Eochanna Temporal range: Middle Eocene (Early Lutetian) PreꞒ Ꞓ O S D C P T J K Pg N

Scientific classification
- Kingdom: Animalia
- Phylum: Chordata
- Class: Actinopterygii
- Division: Teleostei
- Order: Anabantiformes
- Family: Channidae (?)
- Genus: †Eochanna Roe, 1991
- Species: †E. chorlakkiensis
- Binomial name: †Eochanna chorlakkiensis Roe, 1991

= Eochanna =

- Authority: Roe, 1991
- Parent authority: Roe, 1991

Extinct species of fish

Eochanna is an extinct genus of freshwater or estuarine ray-finned fish, potentially a snakehead, from the Eocene of Pakistan.
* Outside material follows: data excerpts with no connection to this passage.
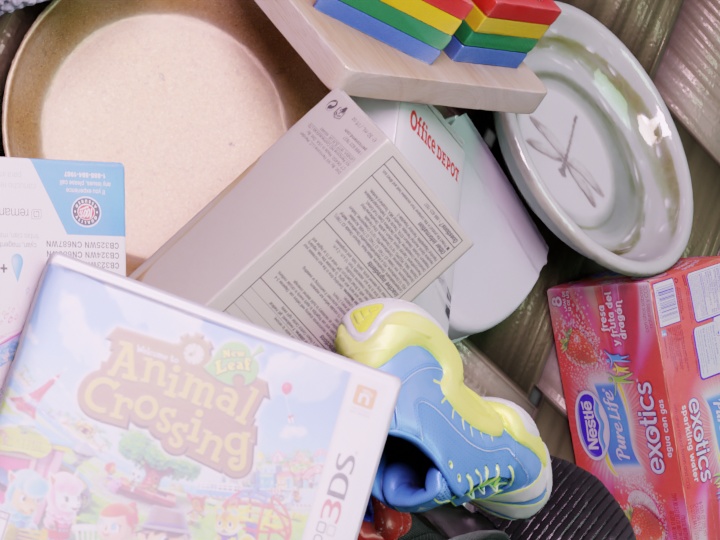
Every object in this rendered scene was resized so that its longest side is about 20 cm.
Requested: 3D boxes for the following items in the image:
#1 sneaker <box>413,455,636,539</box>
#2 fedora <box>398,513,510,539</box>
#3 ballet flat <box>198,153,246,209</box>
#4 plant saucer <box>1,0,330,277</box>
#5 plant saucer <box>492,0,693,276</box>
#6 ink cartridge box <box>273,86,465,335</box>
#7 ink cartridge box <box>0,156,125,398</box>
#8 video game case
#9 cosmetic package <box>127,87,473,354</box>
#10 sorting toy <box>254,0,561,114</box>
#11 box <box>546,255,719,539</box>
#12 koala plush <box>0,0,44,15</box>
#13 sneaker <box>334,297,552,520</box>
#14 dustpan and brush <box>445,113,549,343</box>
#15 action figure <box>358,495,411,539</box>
[{"bbox_3d":[0.101,0.159,1.810,0.074,0.200,0.089,-44,138,-20],"label":"sneaker"},{"bbox_3d":[-0.013,0.197,1.728,0.200,0.090,0.177,-41,159,-8],"label":"fedora"},{"bbox_3d":[-0.094,0.018,1.716,0.062,0.067,0.201,-1,87,-33],"label":"ballet flat"},{"bbox_3d":[-0.110,-0.080,1.678,0.199,0.035,0.201,2,80,-14],"label":"plant saucer"},{"bbox_3d":[0.144,-0.082,1.949,0.200,0.050,0.201,29,48,-38],"label":"plant saucer"},{"bbox_3d":[0.000,0.000,1.754,0.146,0.085,0.201,42,51,-66],"label":"ink cartridge box"},{"bbox_3d":[-0.208,0.044,1.553,0.128,0.125,0.201,1,86,-45],"label":"ink cartridge box"},{"bbox_3d":[-0.094,0.107,1.492,0.199,0.022,0.183,20,71,-10],"label":"video game case"},{"bbox_3d":[-0.047,0.007,1.619,0.200,0.071,0.105,-41,130,-2],"label":"cosmetic package"},{"bbox_3d":[0.009,-0.190,1.733,0.198,0.070,0.200,2,42,-51],"label":"sorting toy"},{"bbox_3d":[0.208,0.096,1.988,0.102,0.094,0.201,-17,99,-44],"label":"box"},{"bbox_3d":[-0.204,-0.200,1.548,0.178,0.184,0.200,51,46,5],"label":"koala plush"},{"bbox_3d":[0.042,0.108,1.620,0.200,0.075,0.105,46,39,-39],"label":"sneaker"},{"bbox_3d":[0.038,0.015,1.863,0.140,0.057,0.200,56,45,-32],"label":"dustpan and brush"},{"bbox_3d":[-0.046,0.121,1.602,0.200,0.065,0.099,4,59,-50],"label":"action figure"}]

It contains a single species, E. chorlakkiensis, from the early Lutetian age (48-47 million years ago) in the area of what is now the Kuldana Formation near Chorlakki.

Described based on an isolated anguloarticular (jaw hinge) bone, Eochanna was initially considered the earliest known snakehead in the fossil record. However, a 2020 study disputed this taxonomic assignment, noting that some of the traits of the bone, used to confirm its placement as a snakehead, are also present in other fish taxa. Thus, the taxonomic placement of Eochanna remains uncertain.